Every record must be repeated exactly; omit any pictures they contain.

> AVAILABLE DATA
********

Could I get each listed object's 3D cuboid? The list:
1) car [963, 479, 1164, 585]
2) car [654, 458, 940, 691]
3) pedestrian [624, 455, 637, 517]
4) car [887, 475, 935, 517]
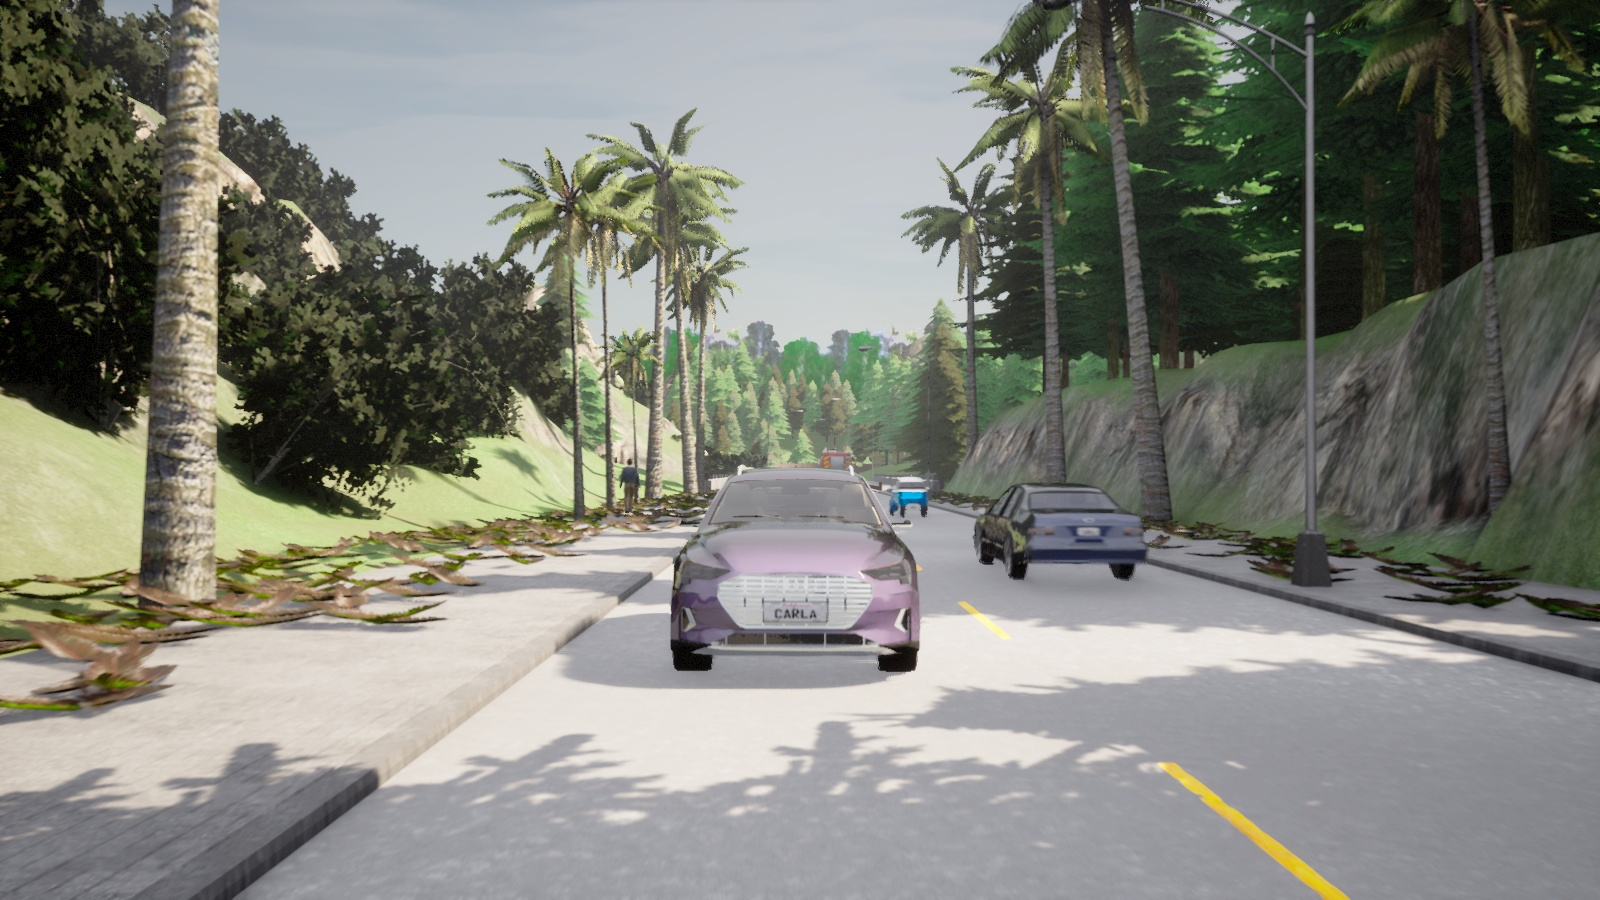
[{"bbox_3d":[3.945,1.178,19.837,2.033,1.411,5.357,0,-1,0],"label":"car"},{"bbox_3d":[-0.032,0.936,11.375,2.033,1.649,4.856,0,-1,0],"label":"car"},{"bbox_3d":[-5.410,1.133,40.049,0.423,1.949,0.788,0,-1,-8],"label":"pedestrian"},{"bbox_3d":[3.855,1.589,43.894,1.481,1.376,2.207,0,-1,0],"label":"car"}]

********

> ANSWER AREA
Could I get each listed object's 3D cuboid? The list:
1) car [963, 479, 1164, 585]
2) car [654, 458, 940, 691]
3) pedestrian [624, 455, 637, 517]
4) car [887, 475, 935, 517]
[{"bbox_3d":[3.945,1.178,19.837,2.033,1.411,5.357,0,-1,0],"label":"car"},{"bbox_3d":[-0.032,0.936,11.375,2.033,1.649,4.856,0,-1,0],"label":"car"},{"bbox_3d":[-5.410,1.133,40.049,0.423,1.949,0.788,0,-1,-8],"label":"pedestrian"},{"bbox_3d":[3.855,1.589,43.894,1.481,1.376,2.207,0,-1,0],"label":"car"}]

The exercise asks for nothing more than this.